We assess how the design of retail prices, grid fees and levies for household prosumers affects the attractiveness and resulting operation of small-scale photovoltaic battery storage systems (PVBSS), using a detailed modeling approach applied to a case study of six households in Germany. The selected pricing schemes and reform proposals are evaluated regarding the investment attractiveness for the prosumer and the impact on system-oriented operation, considering both market and grid integration. We show that the current business models for PV and PVBSS are only exist because they are based on avoiding the need to purchase electricity from the grid and thus avoiding paying taxes and levies on consumed electricity. Introducing time-variable pricing schemes or price components increase the value of PVBSS for the customer and the market, but lead to a less grid-friendly operation. It is shown that the term “system-oriented operation” should be defined carefully, since under the analyzed incentives, the two objectives included in system-oriented operation (market and grid integration) do not necessarily go hand in hand, sometimes even contradicting one another. Both the tariff design and the design of single tariff components have a considerable impact on the attractiveness and the resulting system integration of PVBSS and should be evaluated thoroughly to avoid unintended outcomes.

Zusammenfassung

Es wird untersucht, wie die Ausgestaltung der Endkundenpreise, der Netzentgelte und der EEG-Umlage den Betrieb und die Rentabilität von kleinen PV-Batteriesystemen (PVBSS) beeinflussen. Dazu wird eine detaillierte Modellierung einer Fallstudie mit sechs unterschiedlichen Haushalten durchgeführt.
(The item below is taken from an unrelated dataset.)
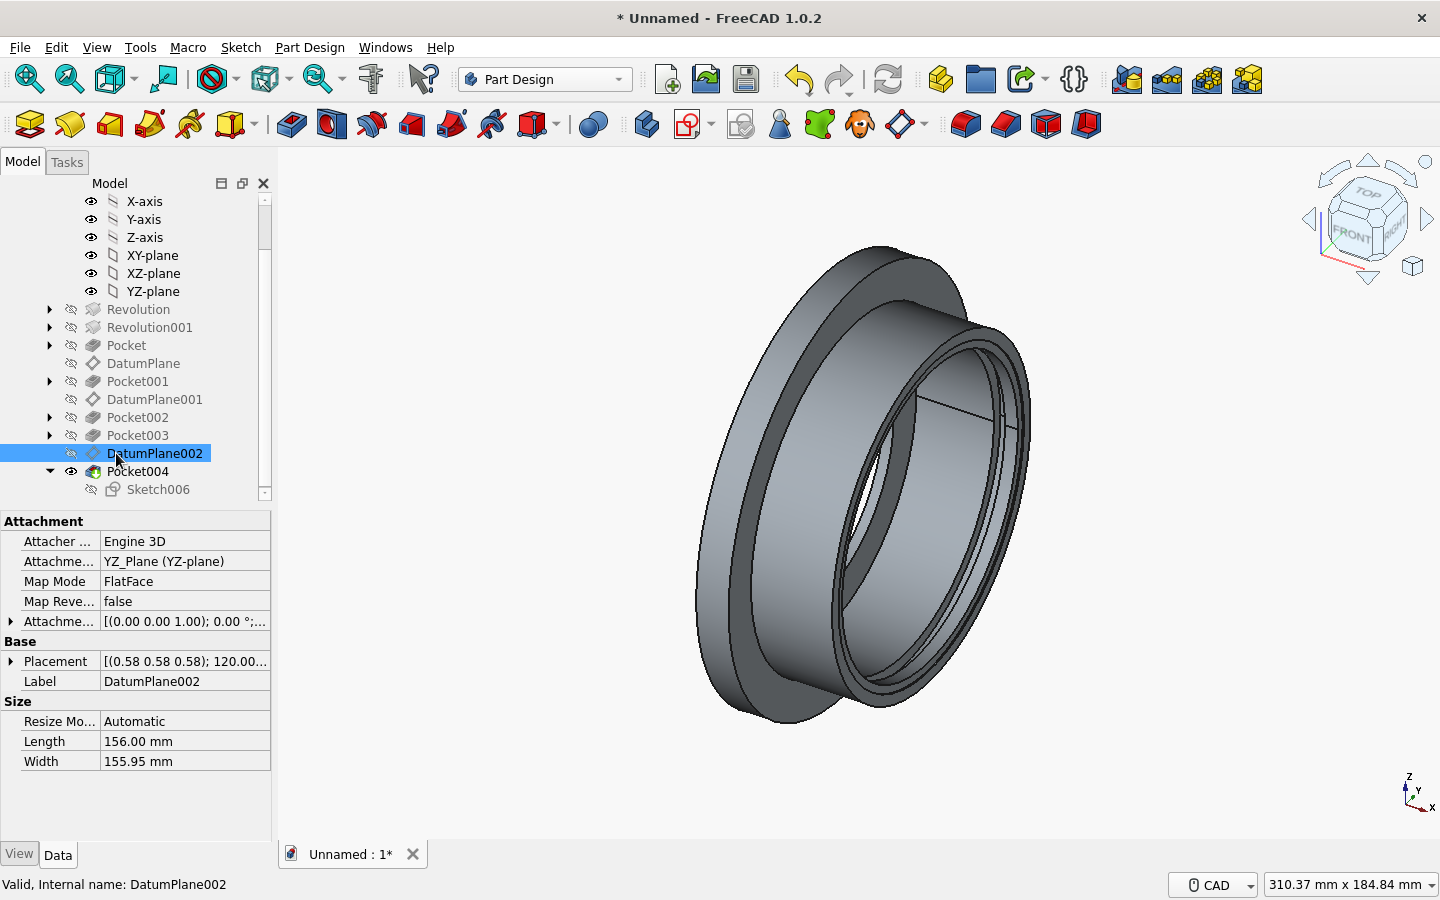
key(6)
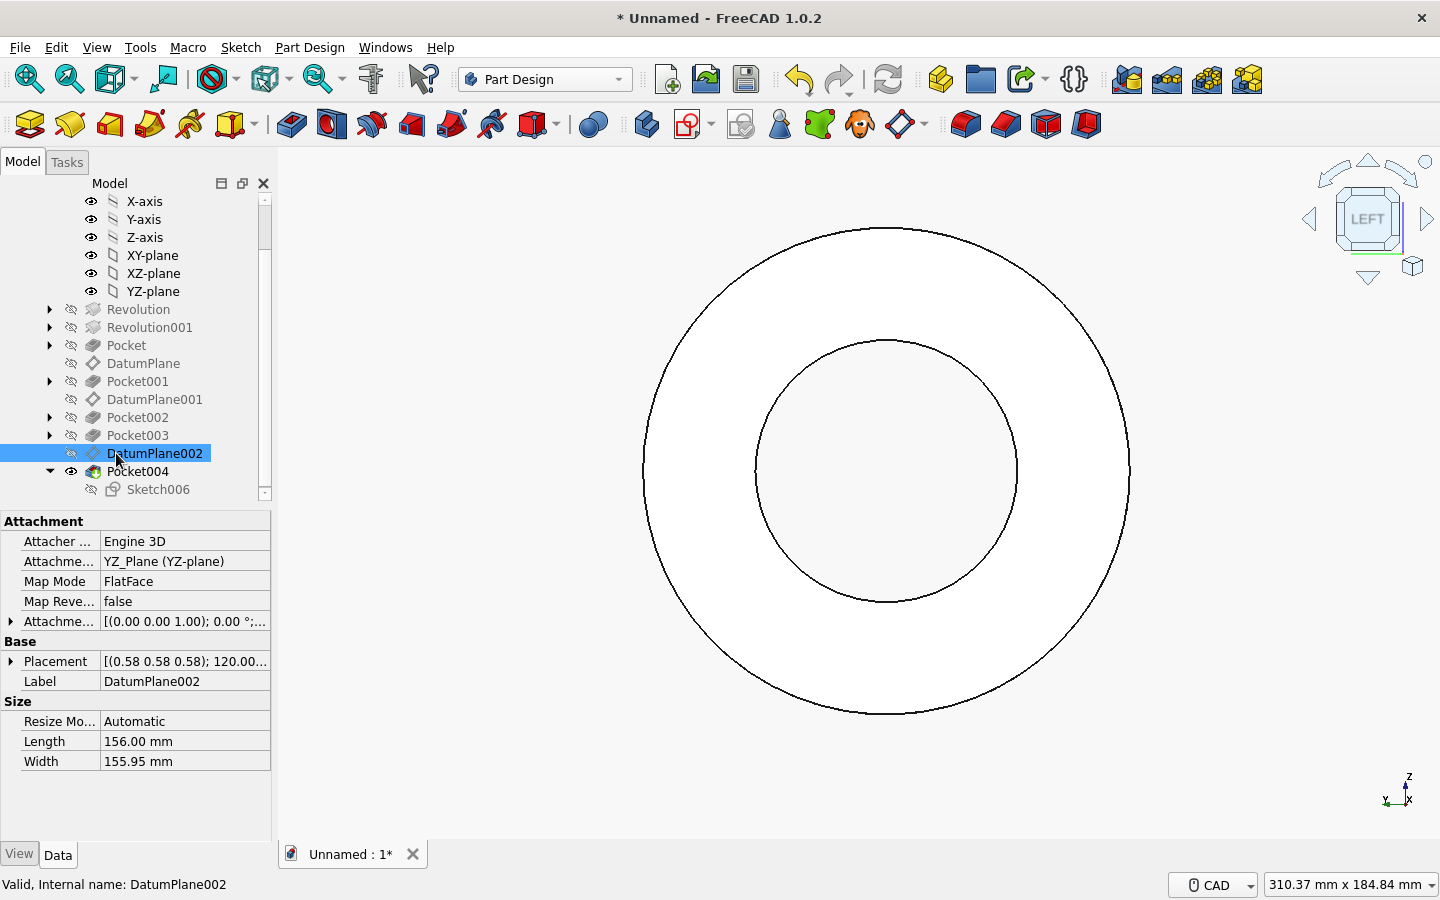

Die betrachteten Preismodelle und Reformvorschläge werden hinsichtlich ihrer Attraktivität für Prosumer sowie ihres Effekts auf eine systemdienlichen Betrieb bewertet, wobei systemdienlich sowohl die Markt- als auch die Netzintegration umfasst. Es wird gezeigt, dass die derzeit existierenden Geschäftsmodelle für PV und PVBSS auf der Vermeidung von Netzbezug und damit der Einsparung von Abgaben und Steuern beruhen. Die Einführung von zeitvariablen Strompreisen oder Preisbestandteilen erhöhen den Wert des PVBSS für den Prosumer und den Markt, führen dabei aber zu einer weniger netzdienlichen Betriebsweise. Es wird gezeigt, dass der Begriff „Systemdienlichkeit“ sorgfältig definiert werden sollte, da Markt- und Netzintegration nicht notwendigerweise Hand in Hand gehen, sodass ein Anreizsignal nicht notwendigerweise dazu führt, dass beide Ziele erreicht werden. Die Ausgestaltung der Strompreise, insbesondere deren Zeitvariabilität, sowie einzelner Preisbestandteile haben einen erheblichen Einfluss auf die Attraktivität und die erreichbare Systemintegration von PVBSS und sollten daher zur Vermeidung unerwünschter Effekte sorgfältig evaluiert werden.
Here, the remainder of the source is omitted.